Our findings highlight that survivors discuss a great deal of social activity and solidarity when recalling memories of Birkenau. It is important to underline that survivors were not asked by interviewers to address solidarity and social bonds in the camp. It was the survivors' own decision to address these topics. In light of this, we think that what is recalled in the following testimony excerpt cannot be viewed as an anecdotal or nostalgic memory but in fact describes a relatively common experience:

We became friends with everybody — anybody and everybody. We — we — we really cared for each other. We did everything possible to try and encourage each other. If somebody wanted to hang themselves because they couldn't take it any more; we somehow talked 'em out of it. If somebody, for instance, said, I'm giving up, I can't do it any more, we somehow talked them out of it. We maybe shared a little piece of bread. The bread was mostly made out of sawdust, but somehow we put a little piece of bread in his mouth. We did all kinds of those kinds of things.  [Gross 1996, Tape 2, 00:28:34]

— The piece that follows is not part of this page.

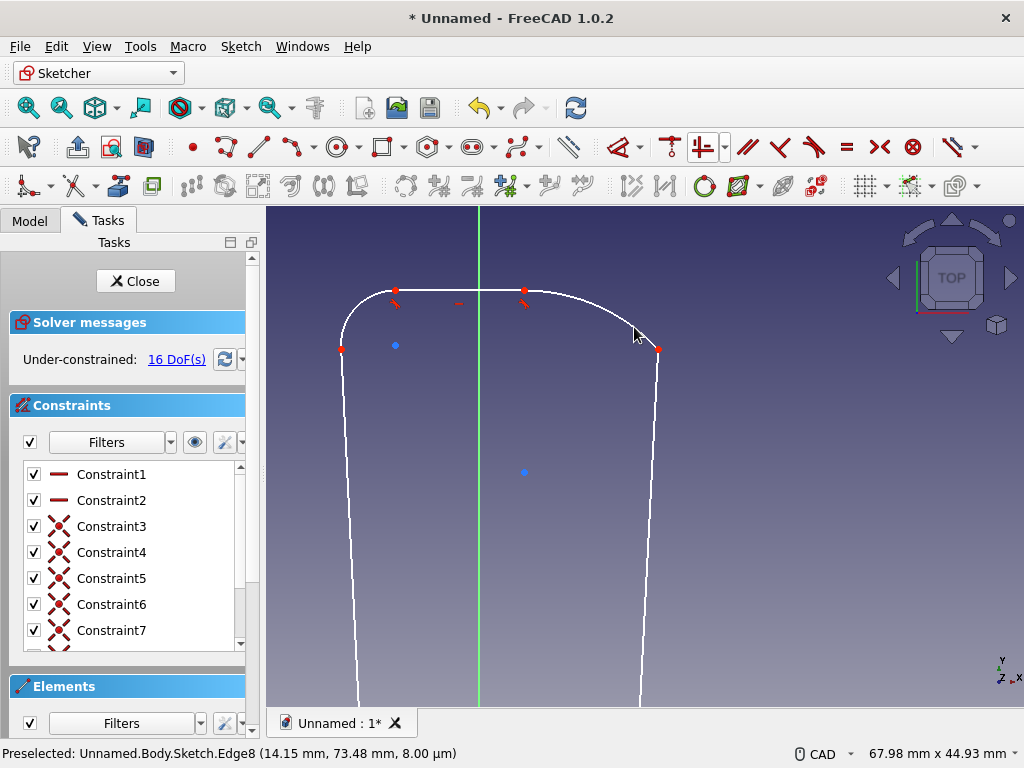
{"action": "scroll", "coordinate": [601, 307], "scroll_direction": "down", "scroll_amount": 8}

2. Comparative analysis of solidarity and social relations in narratives of men and women

Men and women were detained and housed in different sections of Birkenau. We therefore examined and compared the probability of topics related to acts of solidarity and social bonds in narratives of women and men (see the Methodology section). To prove that differences were not due to either chance or sample bias, we used the method of bootstrapping (see below and the Methodology section) [Efron et al. 2004]. Again, we compared the importance of topics related to acts of solidarity and social bonds in narratives of men and women by drawing on normalized closeness centrality and the PageRank value. We also used the Fisher’s exact test to assess whether the difference is statistically significant (p value 0.05) [Fisher 1922]. Finally, we measured the strength of association between gender and each topic with odds ratio analysis (Morris and Gardner, 1988). This enabled us to focus on specific forms of social bonds and acts of solidarity (see Figure 2).
Image of a bar graph
Figure 2. 
Topics more likely to be discussed by women. Strength of association of topic words for gender of Auschwitz-Birkenau survivors was obtained by using odds ratio analysis; topic words are positively or negatively correlated for strengths of association >1 or <1, respectively; dot line shows a degree of association equals to one; the difference is statistically significant (p <0.05).
Image of a bar graph
Figure 3. 
Topics more likely to be discussed by men. Strength of association of topic words for gender of Auschwitz-Birkenau survivors was obtained by using odds ratio analysis; topic words are positively or negatively correlated for strengths of association >1 or <1, respectively; dot line shows a degree of association equals to one; the difference is statistically significant (p <0.05).
We found that the topic social bonds is much more probable in testimonies of women; in their testimonies we are significantly more likely to hear about discussions of social relations in the camp. Our findings through bootstrapping is particularly revealing (see Figure 3). In short, over thousands of times we randomly sampled testimonies of women and men; each time we trained two Markov State Models over the same state space and measured the stationary probability of every topic. We observed that even if we randomly select testimonies of men and women, in the testimonies of women social bonds will always be more probable. The measurement of strength of association also confirmed this finding. Social bonds is positively correlated with women and negatively correlated with men. Finally, the normalized closeness centrality and the PagreRank value are also higher when testimonies of men and women are modeled as directed graphs.
In the case of the topic aid giving the difference between men and women is less strong. The probability of this topic is only by 7 percent higher in testimonies of women, even though the difference between men and women is statistically significant and remains consistent through the randomized sampling (see Figure 3). Similarly, the normalized closeness centrality and the PageRank value are higher for women.
Image of plotted bars, some orange some blue.
Figure 4. 
Bootstrap sample distributions for stationary probabilities for aid giving. The orange represents women, the blue men, and the dotted line the model estimate. Note that the distributions do not overlap. On the one hand, this means that the difference between stationary probabilities is significant given our model. On the other hand, it shows that if we randomly sample interviews by men and women over thousands of times, the stationary probability of topics above will always be higher in the women sample. In other words, the difference between men and women is consistent and not due to sample bias.
Image of plotted bars, some orange some blue.
Figure 5. 
Bootstrap sample distributions for stationary probabilities for social bonds. Note that the distributions do not overlap. The orange represents women, the blue men, and the dotted line the model estimate. On the one hand, this means that the difference between stationary probabilities is significant given our model. On the other hand, it shows that if we randomly sample interviews by men and women over thousands of times, the stationary probability of topics above will always be higher in the women sample. In other words, the difference between men and women is consistent and not due to sample bias.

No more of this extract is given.